- Genre: Comedy
- Written by: Robert B. Weide; Aschlin Ditta; Oliver Lansley;
- Directed by: Robert B. Weide
- Starring: Nick Frost Olivia Colman Ophelia Lovibond Peter Serafinowicz Lawry Lewin Michael Malarkey Brendan Patricks
- Country of origin: United Kingdom
- Original language: English
- No. of series: 1
- No. of episodes: 6

Production
- Producer: Clelia Mountford
- Production companies: Big Talk Productions; Whyaduck Productions;

Original release
- Network: Sky Atlantic
- Release: 23 May – 27 June 2014

= Mr. Sloane =

Mr.

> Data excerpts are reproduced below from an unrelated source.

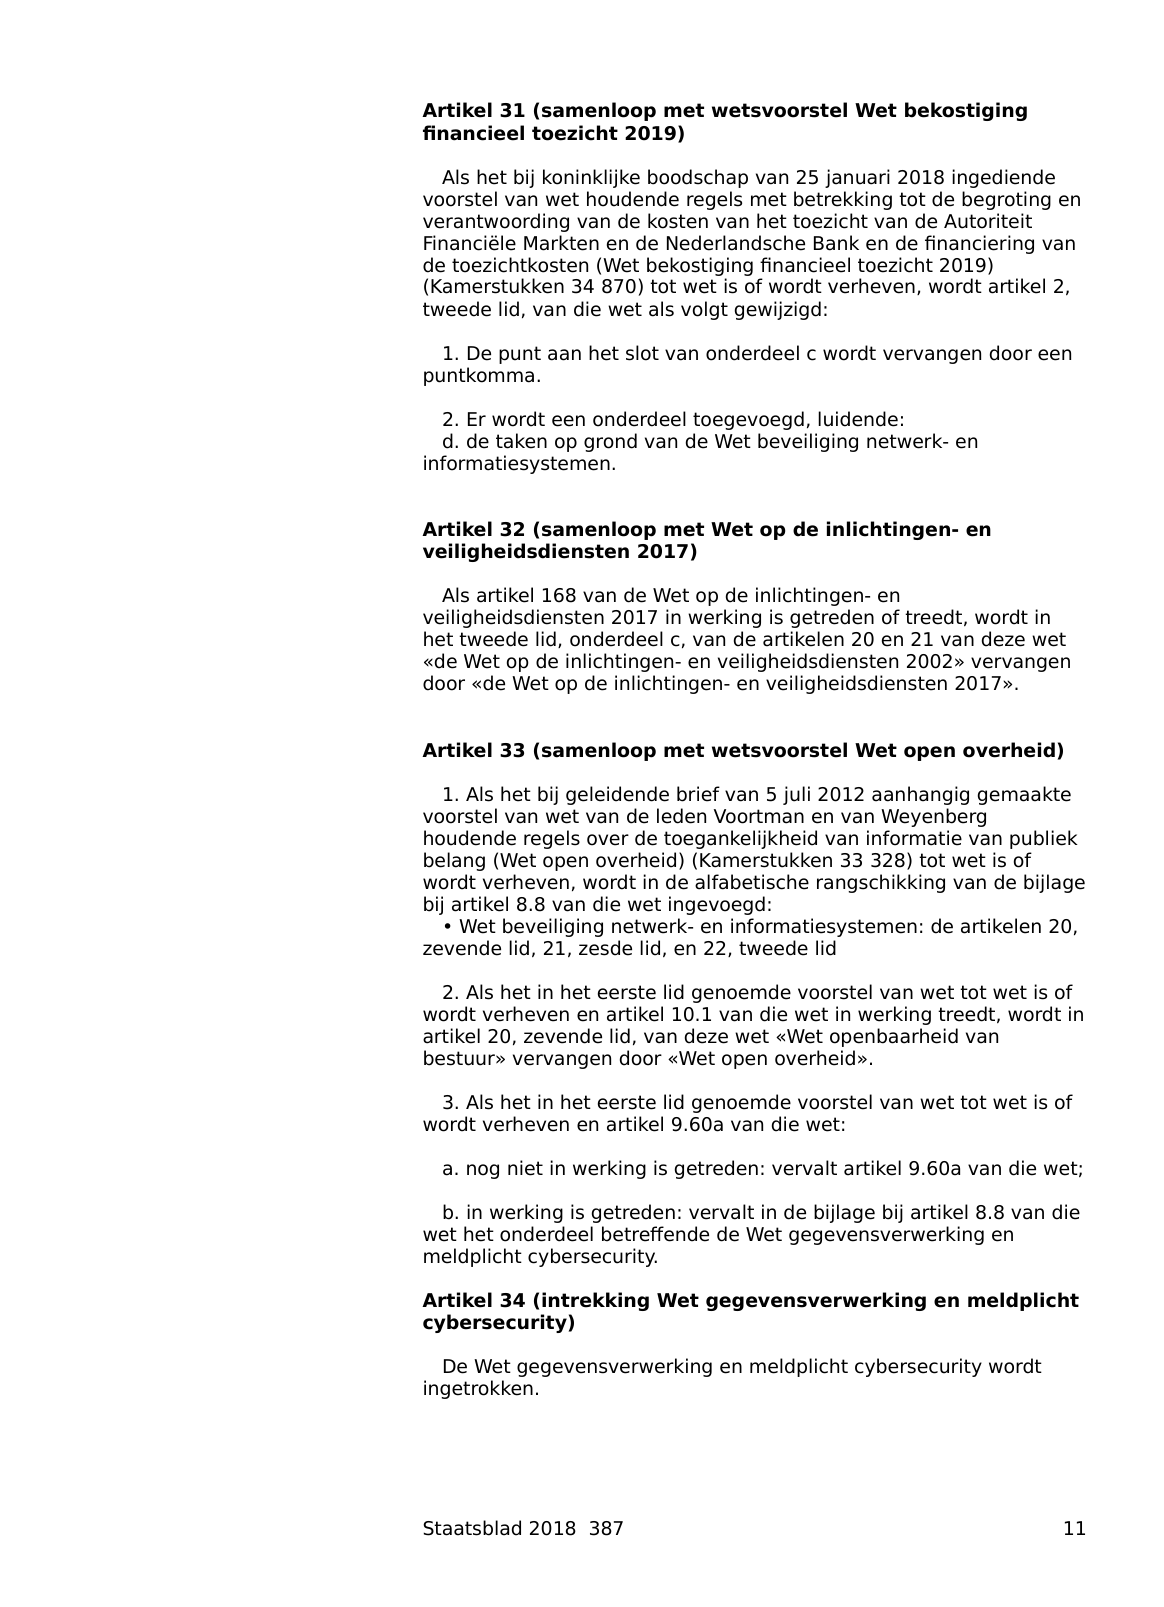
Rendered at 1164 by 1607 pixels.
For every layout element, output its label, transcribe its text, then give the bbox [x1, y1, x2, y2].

subtitle Artikel 31 (samenloop met wetsvoorstel Wet bekostiging financieel toezicht 2019) [422, 100, 1087, 144]
text b. in werking is getreden: vervalt in de bijlage bij artikel 8.8 van die wet het onderdeel betreffende de Wet gegevensverwerking en meldplicht cybersecurity. [422, 1202, 1087, 1268]
text Als het bij koninklijke boodschap van 25 januari 2018 ingediende voorstel van wet houdende regels met betrekking tot de begroting en verantwoording van de kosten van het toezicht van de Autoriteit Financiële Markten en de Nederlandsche Bank en de financiering van de toezichtkosten (Wet bekostiging financieel toezicht 2019) (Kamerstukken 34 870) tot wet is of wordt verheven, wordt artikel 2, tweede lid, van die wet als volgt gewijzigd: [422, 167, 1087, 320]
text Als artikel 168 van de Wet op de inlichtingen- en veiligheidsdiensten 2017 in werking is getreden of treedt, wordt in het tweede lid, onderdeel c, van de artikelen 20 en 21 van deze wet «de Wet op de inlichtingen- en veiligheidsdiensten 2002» vervangen door «de Wet op de inlichtingen- en veiligheidsdiensten 2017». [422, 585, 1087, 695]
text • Wet beveiliging netwerk- en informatiesystemen: de artikelen 20, zevende lid, 21, zesde lid, en 22, tweede lid [422, 916, 1087, 959]
text d. de taken op grond van de Wet beveiliging netwerk- en informatiesystemen. [422, 431, 1087, 475]
text 2. Als het in het eerste lid genoemde voorstel van wet tot wet is of wordt verheven en artikel 10.1 van die wet in werking treedt, wordt in artikel 20, zevende lid, van deze wet «Wet openbaarheid van bestuur» vervangen door «Wet open overheid». [422, 982, 1087, 1069]
text 1. Als het bij geleidende brief van 5 juli 2012 aanhangig gemaakte voorstel van wet van de leden Voortman en van Weyenberg houdende regels over de toegankelijkheid van informatie van publiek belang (Wet open overheid) (Kamerstukken 33 328) tot wet is of wordt verheven, wordt in de alfabetische rangschikking van de bijlage bij artikel 8.8 van die wet ingevoegd: [422, 784, 1087, 916]
text 3. Als het in het eerste lid genoemde voorstel van wet tot wet is of wordt verheven en artikel 9.60a van die wet: [422, 1092, 1087, 1136]
text 2. Er wordt een onderdeel toegevoegd, luidende: [422, 409, 1087, 431]
text a. nog niet in werking is getreden: vervalt artikel 9.60a van die wet; [422, 1158, 1087, 1180]
subtitle Artikel 33 (samenloop met wetsvoorstel Wet open overheid) [422, 739, 1087, 761]
text 1. De punt aan het slot van onderdeel c wordt vervangen door een puntkomma. [422, 343, 1087, 387]
subtitle Artikel 34 (intrekking Wet gegevensverwerking en meldplicht cybersecurity) [422, 1290, 1087, 1334]
text De Wet gegevensverwerking en meldplicht cybersecurity wordt ingetrokken. [422, 1356, 1087, 1400]
subtitle Artikel 32 (samenloop met Wet op de inlichtingen- en veiligheidsdiensten 2017) [422, 519, 1087, 563]

Sloane is a British comedy television series that was first broadcast on Sky Atlantic on 23 May 2014. The six-part series was written by Robert B. Weide, Aschlin Ditta and Oliver Lansley and directed by Robert B. Weide. It is set in Watford in 1969.

==Overview==
In 1969 in Watford, Hertfordshire, Jeremy Sloane, a depressed accountant, has lost his job and his wife, Janet. Sloane gets a part-time job, and at a hardware shop he meets a young, free-spirited American manic pixie dream girl named Robin who may just help him get his life back on track.

==Cast==
- Nick Frost as Jeremy Sloane
- Olivia Colman as Janet
- Ophelia Lovibond as Robin
- Peter Serafinowicz as Ross
- Lawry Lewin as Beans
- Michael Malarkey as Craig
- Brendan Patricks as Reggie

==Production==
Filming began in April 2013. The series is a Big Talk Productions and Whyaduck Productions production with BBC Worldwide as the distributor.

In October 2014, Sky announced the show would not be returning for a second series.

==International broadcast==
The series premiered in Australia on 15 June 2015 on BBC First.